# Eating alone in a restaurant



## DS29790bb (Dec 31, 2011)

Just wanted to share this. I had always been scared to go into a place and eat alone. I'm not talking about sit-down restaurants with waiters but like fast-food places and stuff like that. If I ever went alone, I would always get it to go just so I could eat elsewhere. I would be totally scared to eat alone.

Anyway, I got a job at a restaurant recently and it's like a fast-food place, but a nice and casual environment, very modern. Anyway, I was SHOCKED at how many people ate alone. I was probably the only one who cared or would notice this, but many people do this. And I had this stupid stereotype in my mind (don't hate on me for this) that the people who ate alone would be "slobby" I guess. But it's not.....all types of people do it. Yeah, that sounds judgmental, but I'm totally changed.

Either way, I now have the courage to eat alone in restaurants like this now that I realized no one cares and how common it is. I haven't actually done it yet, but I think I won't really have any fear of it anymore after this. 

Just wanted to share my observation with everyone


----------



## dismiss (Jul 26, 2012)

I like to bring a book, or go somewhere with televisions to stare at.


----------



## Charmander (Sep 5, 2012)

Well done! I also have a thing about not liking to eat alone. I guess it's the same as not wanting to be the loner in school. When I'm alone I pretend to play with my phone, haha.


----------



## snowyowl (Jan 22, 2012)

Good for you! I totally agree about the alone thing - I'm currently using my phone as a way to look busy before class starts. Usually in a situation like that, where I'm eating, I get out a book and read. I guess we just don't want to be known as loners.


----------



## DS29790bb (Dec 31, 2011)

snowyowl said:


> Good for you! I totally agree about the alone thing - I'm currently using my phone as a way to look busy before class starts. Usually in a situation like that, where I'm eating, I get out a book and read. I guess we just don't want to be known as loners.

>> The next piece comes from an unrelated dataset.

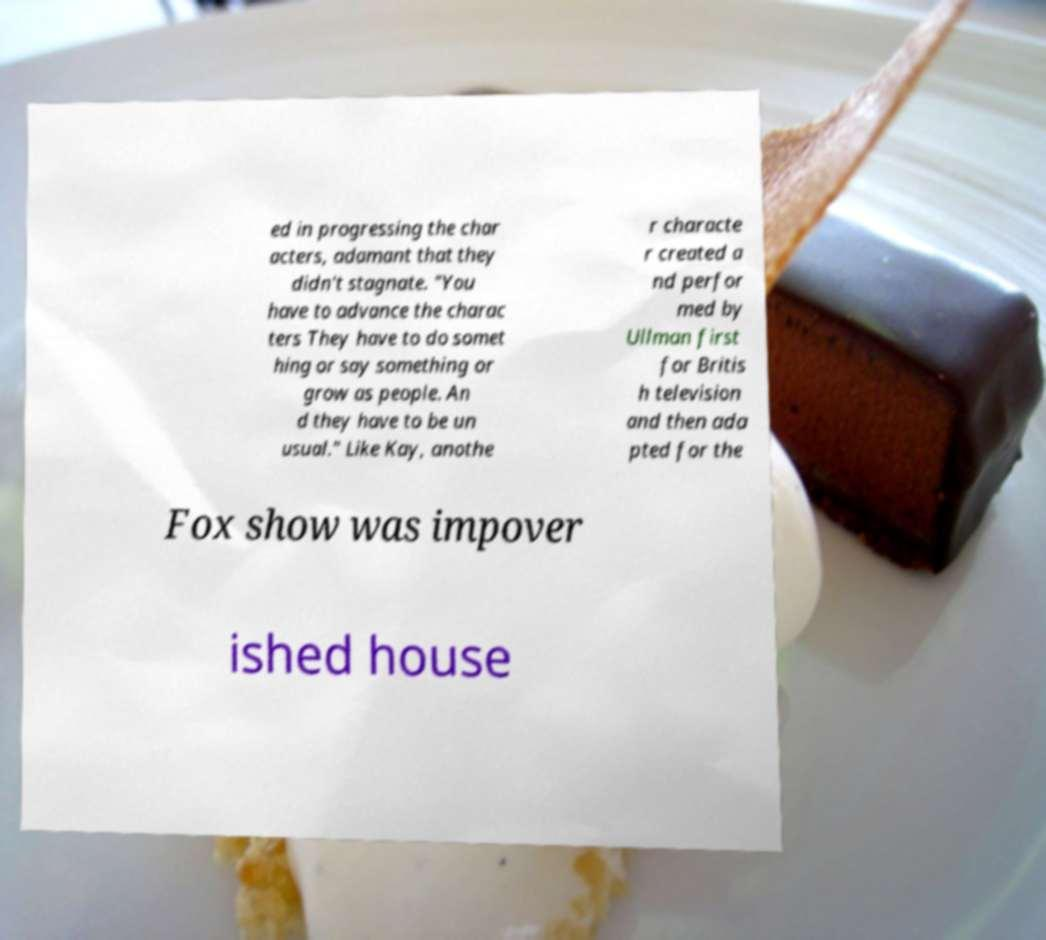Please identify and transcribe the text found in this image. ed in progressing the char acters, adamant that they didn't stagnate. "You have to advance the charac ters They have to do somet hing or say something or grow as people. An d they have to be un usual." Like Kay, anothe r characte r created a nd perfor med by Ullman first for Britis h television and then ada pted for the Fox show was impover ished house 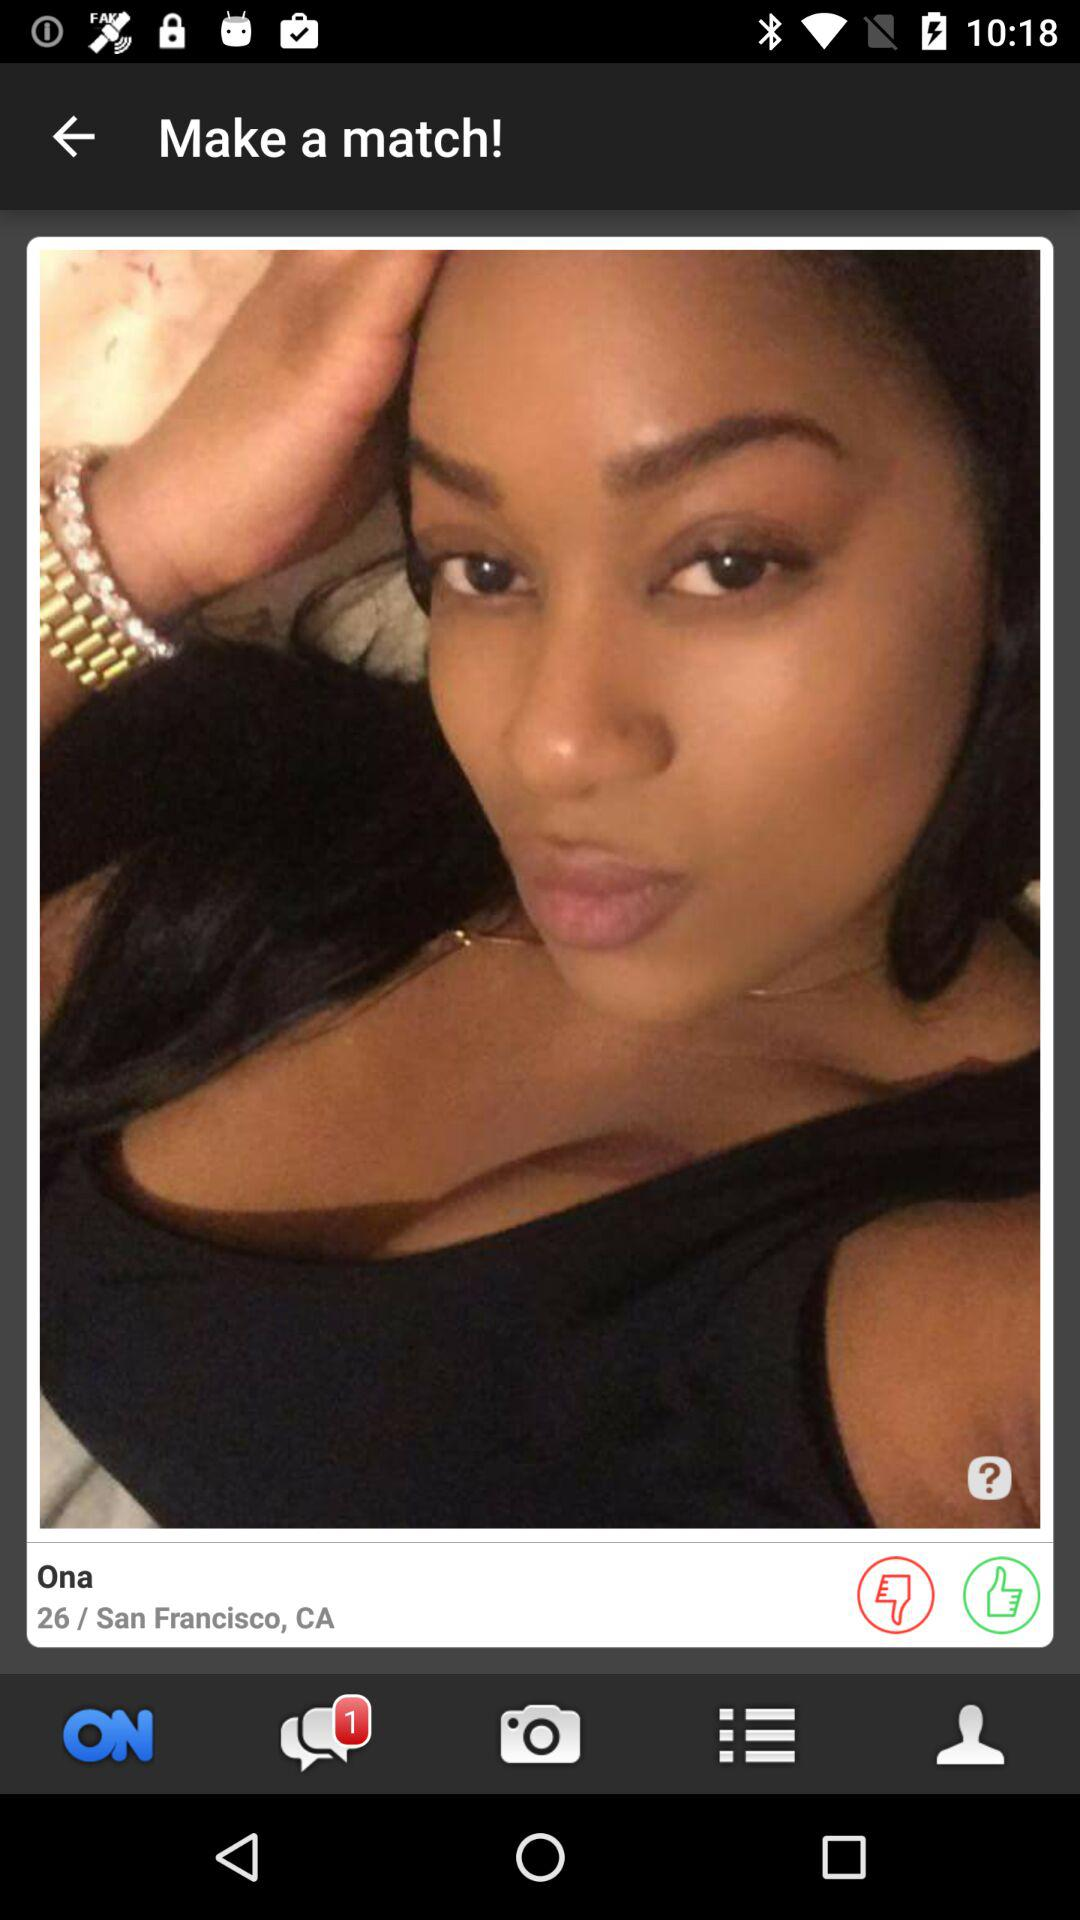What's the user name? The user name is Ona.

That's exactly it.....I don't want to be seen as a loner. Books help though, but even if there is no book, it's fine. No one cares. I even look up to the people that do it......it speaks a lot about someone's confidence.


----------



## digitalbath (Feb 1, 2012)

I've done this before, at fast food places though. Never at a proper, sit-down and order your meal type restaurant (though at the moment I can't even afford to). I don't think I'd have the guts to sit down and wait for some 30 minutes while I watched all the couples and families, and me sitting there. Fast food is okay, it takes no time to prepare so you can sit, eat, and leave fairly quickly. Nowhere near as comfortable as eating at home, but not as bad as I thought it would be.

And also can I add that most of the people at these fast food places could care less whether you're eating by yourself or with friends! They're too much into their own food to care


----------